#### INFORMATION GIVEN
= Beginning of Section =

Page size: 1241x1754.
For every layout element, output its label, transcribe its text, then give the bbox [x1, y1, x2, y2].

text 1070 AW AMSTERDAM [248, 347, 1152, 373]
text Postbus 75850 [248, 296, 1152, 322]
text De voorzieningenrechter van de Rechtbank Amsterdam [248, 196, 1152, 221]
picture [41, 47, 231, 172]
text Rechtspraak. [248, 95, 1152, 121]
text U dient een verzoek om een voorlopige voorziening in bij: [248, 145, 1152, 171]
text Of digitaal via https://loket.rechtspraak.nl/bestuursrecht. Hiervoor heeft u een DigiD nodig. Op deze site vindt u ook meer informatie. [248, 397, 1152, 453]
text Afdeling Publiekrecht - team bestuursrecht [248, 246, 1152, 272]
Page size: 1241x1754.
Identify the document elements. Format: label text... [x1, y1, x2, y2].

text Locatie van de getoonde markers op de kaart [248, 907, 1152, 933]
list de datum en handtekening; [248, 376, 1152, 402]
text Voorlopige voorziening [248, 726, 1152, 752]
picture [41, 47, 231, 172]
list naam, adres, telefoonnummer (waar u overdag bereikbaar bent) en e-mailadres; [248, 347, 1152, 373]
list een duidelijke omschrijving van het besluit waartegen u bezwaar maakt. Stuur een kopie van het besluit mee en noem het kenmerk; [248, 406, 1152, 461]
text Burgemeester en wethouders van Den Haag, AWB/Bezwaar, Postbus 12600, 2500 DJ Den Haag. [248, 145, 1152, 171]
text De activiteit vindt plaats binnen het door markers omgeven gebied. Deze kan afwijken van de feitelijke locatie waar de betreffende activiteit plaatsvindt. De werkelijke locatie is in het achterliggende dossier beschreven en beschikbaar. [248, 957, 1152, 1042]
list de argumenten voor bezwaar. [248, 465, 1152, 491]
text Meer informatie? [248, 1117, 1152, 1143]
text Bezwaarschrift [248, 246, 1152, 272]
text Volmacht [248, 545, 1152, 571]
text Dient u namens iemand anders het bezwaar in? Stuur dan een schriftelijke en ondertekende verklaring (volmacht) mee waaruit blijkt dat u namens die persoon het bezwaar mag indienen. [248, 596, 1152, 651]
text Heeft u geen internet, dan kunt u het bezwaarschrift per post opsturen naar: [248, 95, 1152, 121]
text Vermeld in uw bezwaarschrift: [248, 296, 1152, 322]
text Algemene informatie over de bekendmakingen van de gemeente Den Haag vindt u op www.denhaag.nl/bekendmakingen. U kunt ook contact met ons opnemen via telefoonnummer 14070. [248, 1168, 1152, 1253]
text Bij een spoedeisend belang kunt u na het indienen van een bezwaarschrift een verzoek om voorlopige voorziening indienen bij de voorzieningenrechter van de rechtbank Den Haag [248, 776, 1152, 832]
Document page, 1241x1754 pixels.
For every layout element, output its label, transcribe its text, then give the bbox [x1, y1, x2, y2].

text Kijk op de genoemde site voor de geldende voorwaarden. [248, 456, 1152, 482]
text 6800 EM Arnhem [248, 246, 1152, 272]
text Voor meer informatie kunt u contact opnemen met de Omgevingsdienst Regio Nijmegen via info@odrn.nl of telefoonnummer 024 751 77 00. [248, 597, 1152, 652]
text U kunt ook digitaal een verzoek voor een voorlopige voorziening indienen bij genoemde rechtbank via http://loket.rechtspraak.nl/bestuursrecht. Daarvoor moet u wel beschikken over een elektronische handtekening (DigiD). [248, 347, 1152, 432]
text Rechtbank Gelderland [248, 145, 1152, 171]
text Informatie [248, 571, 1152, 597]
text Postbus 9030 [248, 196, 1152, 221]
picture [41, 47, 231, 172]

= End of Section =

#### EXERCISE BRIEF
After reading the entries, reproduce every one of them exactly.

#### RESPONSE BOX
Page size: 1241x1754.
For every layout element, output its label, transcribe its text, then give the bbox [x1, y1, x2, y2].

text 1070 AW AMSTERDAM [248, 347, 1152, 373]
text Postbus 75850 [248, 296, 1152, 322]
text De voorzieningenrechter van de Rechtbank Amsterdam [248, 196, 1152, 221]
picture [41, 47, 231, 172]
text Rechtspraak. [248, 95, 1152, 121]
text U dient een verzoek om een voorlopige voorziening in bij: [248, 145, 1152, 171]
text Of digitaal via https://loket.rechtspraak.nl/bestuursrecht. Hiervoor heeft u een DigiD nodig. Op deze site vindt u ook meer informatie. [248, 397, 1152, 453]
text Afdeling Publiekrecht - team bestuursrecht [248, 246, 1152, 272]
Page size: 1241x1754.
Identify the document elements. Format: label text... [x1, y1, x2, y2].

text Locatie van de getoonde markers op de kaart [248, 907, 1152, 933]
list de datum en handtekening; [248, 376, 1152, 402]
text Voorlopige voorziening [248, 726, 1152, 752]
picture [41, 47, 231, 172]
list naam, adres, telefoonnummer (waar u overdag bereikbaar bent) en e-mailadres; [248, 347, 1152, 373]
list een duidelijke omschrijving van het besluit waartegen u bezwaar maakt. Stuur een kopie van het besluit mee en noem het kenmerk; [248, 406, 1152, 461]
text Burgemeester en wethouders van Den Haag, AWB/Bezwaar, Postbus 12600, 2500 DJ Den Haag. [248, 145, 1152, 171]
text De activiteit vindt plaats binnen het door markers omgeven gebied. Deze kan afwijken van de feitelijke locatie waar de betreffende activiteit plaatsvindt. De werkelijke locatie is in het achterliggende dossier beschreven en beschikbaar. [248, 957, 1152, 1042]
list de argumenten voor bezwaar. [248, 465, 1152, 491]
text Meer informatie? [248, 1117, 1152, 1143]
text Bezwaarschrift [248, 246, 1152, 272]
text Volmacht [248, 545, 1152, 571]
text Dient u namens iemand anders het bezwaar in? Stuur dan een schriftelijke en ondertekende verklaring (volmacht) mee waaruit blijkt dat u namens die persoon het bezwaar mag indienen. [248, 596, 1152, 651]
text Heeft u geen internet, dan kunt u het bezwaarschrift per post opsturen naar: [248, 95, 1152, 121]
text Vermeld in uw bezwaarschrift: [248, 296, 1152, 322]
text Algemene informatie over de bekendmakingen van de gemeente Den Haag vindt u op www.denhaag.nl/bekendmakingen. U kunt ook contact met ons opnemen via telefoonnummer 14070. [248, 1168, 1152, 1253]
text Bij een spoedeisend belang kunt u na het indienen van een bezwaarschrift een verzoek om voorlopige voorziening indienen bij de voorzieningenrechter van de rechtbank Den Haag [248, 776, 1152, 832]
Document page, 1241x1754 pixels.
For every layout element, output its label, transcribe its text, then give the bbox [x1, y1, x2, y2].

text Kijk op de genoemde site voor de geldende voorwaarden. [248, 456, 1152, 482]
text 6800 EM Arnhem [248, 246, 1152, 272]
text Voor meer informatie kunt u contact opnemen met de Omgevingsdienst Regio Nijmegen via info@odrn.nl of telefoonnummer 024 751 77 00. [248, 597, 1152, 652]
text U kunt ook digitaal een verzoek voor een voorlopige voorziening indienen bij genoemde rechtbank via http://loket.rechtspraak.nl/bestuursrecht. Daarvoor moet u wel beschikken over een elektronische handtekening (DigiD). [248, 347, 1152, 432]
text Rechtbank Gelderland [248, 145, 1152, 171]
text Informatie [248, 571, 1152, 597]
text Postbus 9030 [248, 196, 1152, 221]
picture [41, 47, 231, 172]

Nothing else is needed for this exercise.